Python Refactorings

Python code — Photo by Chris Ried on Unsplash

Writing clean, Pythonic code is all about making it as understandable, yet concise, as possible. This is the seventh part of a series on Python refactorings, based on those that can be done automatically by Sourcery. Here are parts 1, 2, 3, 4, 5 and 6.

The focus of this series is on why these changes are good ideas, not just on how to do them.

Extract duplicate code into a method

Don't Repeat Yourself (DRY) is an important tenet of writing clean, maintainable code. Duplicated code bloats the code base, making it harder to read and understand. It often also leads to bugs. Where changes are made in only some of the duplicated areas unintended behaviour will often arise.

One of the main ways to remove duplication is to extract the common areas into another method and call that.

def extraction_example():
    self.speed_slider = Scale(
        self.parent, from_=1, to=10, orient=HORIZONTAL, label="Speed"
    )
    self.speed_slider.pack()
    self.speed_slider.set(DEFAULT_SPEED)
    self.speed_slider.configure(background="white")
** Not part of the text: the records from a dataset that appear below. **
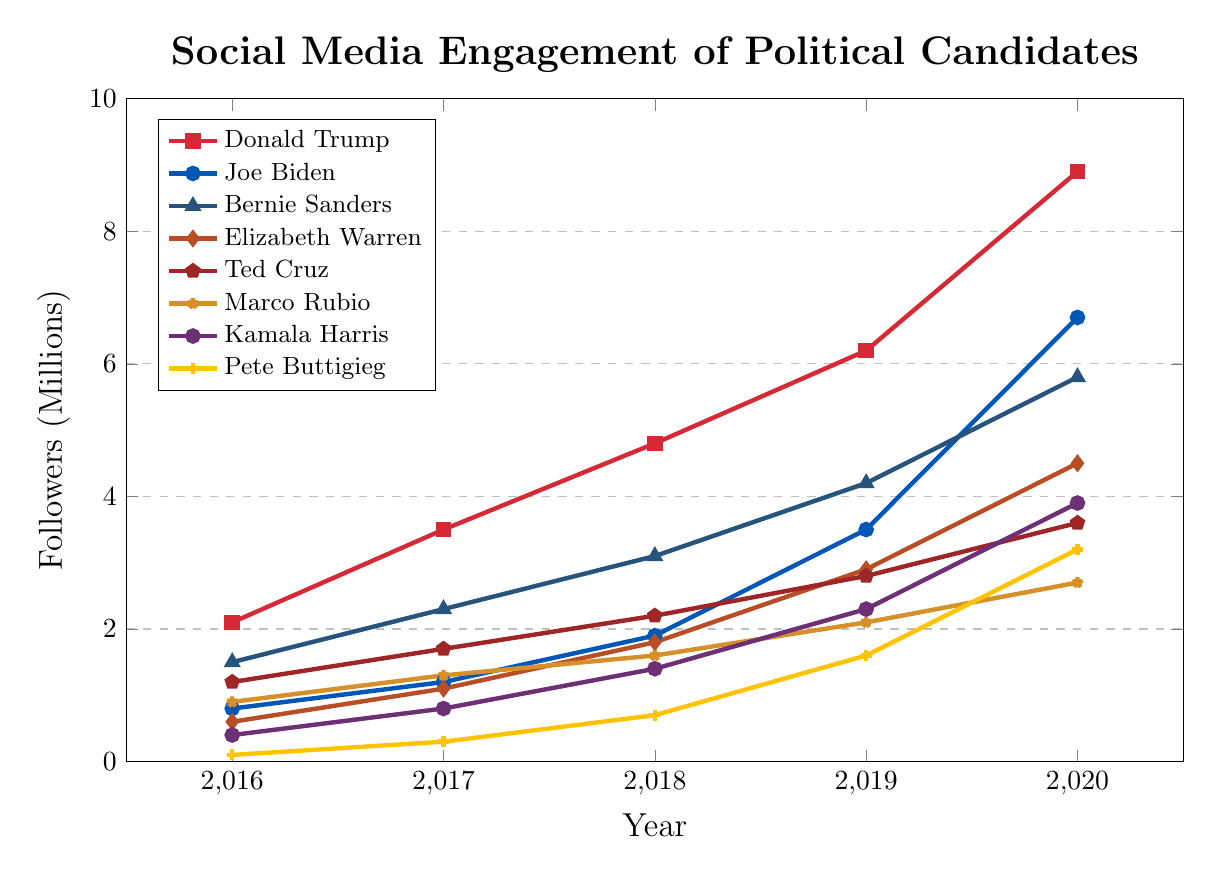Which candidate had the highest social media engagement in 2020? Observing the graph, the top line is the one representing Trump, clearly reaching the highest follower mark at just under 9 million.
Answer: Donald Trump Which candidate showed the most significant increase in social media engagement between 2019 and 2020? From the data points, comparing the differences between 2019 and 2020, we see that Trump went from 6.2M to 8.9M, an increase of 2.7M, which is the highest among all candidates.
Answer: Donald Trump Which candidate had the lowest social media engagement in 2016? Looking at the 2016 data points, Pete Buttigieg had the lowest engagement with 0.1M followers.
Answer: Pete Buttigieg What is the average social media engagement for Kamala Harris over the five years? Summing Kamala Harris's values from 2016 through 2020 ((0.4 + 0.8 + 1.4 + 2.3 + 3.9) / 5), the average engagement is 1.76M.
Answer: 1.76M Which two candidates had nearly equal engagement in 2020? Comparing the data for 2020, Trump had 8.9M, Biden had 6.7M, Sanders had 5.8M, and Warren had 4.5M. Rubio and Harris had 2.7M and 3.9M respectively. No candidates had near-equal engagements except Harris and Buttigieg, who were somewhat closer (3.9M and 3.2M).
Answer: Kamala Harris and Pete Buttigieg Between which two years did Joe Biden see the sharpest rise in social media engagement? Checking Biden's engagement, the most significant increase was between 2019 (3.5M) and 2020 (6.7M), with an increase of 3.2M.
Answer: 2019 and 2020 Who had consistently lower engagement than Bernie Sanders but higher than Marco Rubio from 2016 to 2020? Ted Cruz consistently stays between Sanders and Rubio across all years in the plotted data.
Answer: Ted Cruz By what margin did Trump's social media engagement exceed Biden's in 2020? The graph shows Trump with 8.9M and Biden with 6.7M in 2020, resulting in a margin of 2.2M.
Answer: 2.2M How did Pete Buttigieg's engagement compare to Elizabeth Warren's from 2018 to 2020? For 2018, Warren had 1.8M and Buttigieg had 0.7M; in 2019, Warren had 2.9M and Buttigieg had 1.6M; in 2020, Warren had 4.5M and Buttigieg had 3.2M. In each of these years, Warren's engagement was consistently higher than Buttigieg's.
Answer: Warren had consistently higher engagement

    self.force_slider = Scale(
        self.parent, from_=1, to=10, orient=HORIZONTAL, label="Force"
    )
    self.force_slider.pack()
    self.force_slider.set(DEFAULT_FORCE)
    self.force_slider.configure(background="white")
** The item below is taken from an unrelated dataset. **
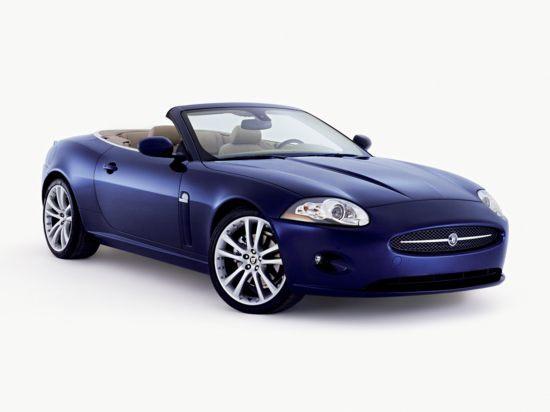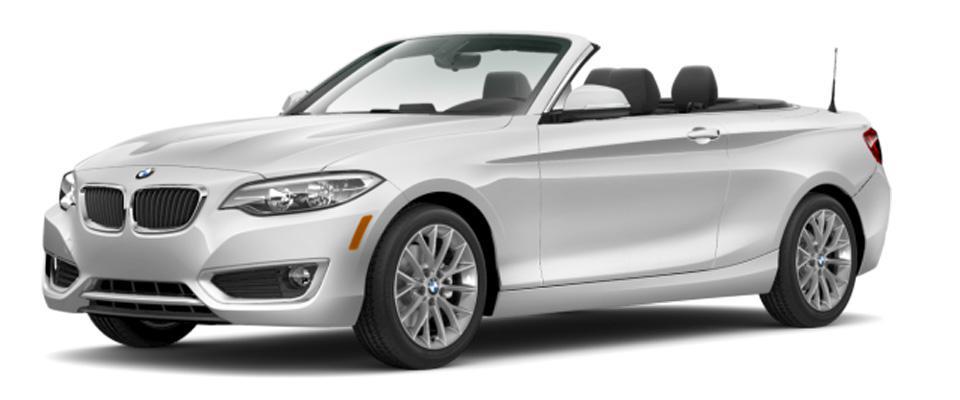The first image is the image on the left, the second image is the image on the right. Assess this claim about the two images: "One image shows a topless black convertible aimed leftward.". Correct or not? Answer yes or no. No. The first image is the image on the left, the second image is the image on the right. Given the left and right images, does the statement "There is no less than one black convertible car with its top down" hold true? Answer yes or no. No.

Here you can see that the code to create a slider is repeated twice. In each case the Scale object is created and then the same three methods are called on it, with some differing arguments.

You can extract this out into a method like this:

def extraction_example():
    self.speed_slider = create_slider(self, "Speed", DEFAULT_SPEED)
    self.force_slider = create_slider(self, "Force", DEFAULT_FORCE)


def create_slider(self, label, default_value):
    result = Scale(self.parent, from_=1, to=10, orient=HORIZONTAL, label=label)
    result.pack()
    result.set(default_value)
    result.configure(background="white")

    return result

The original method is now shorter and clearer, and the new method is focused on doing one thing - creating a slider.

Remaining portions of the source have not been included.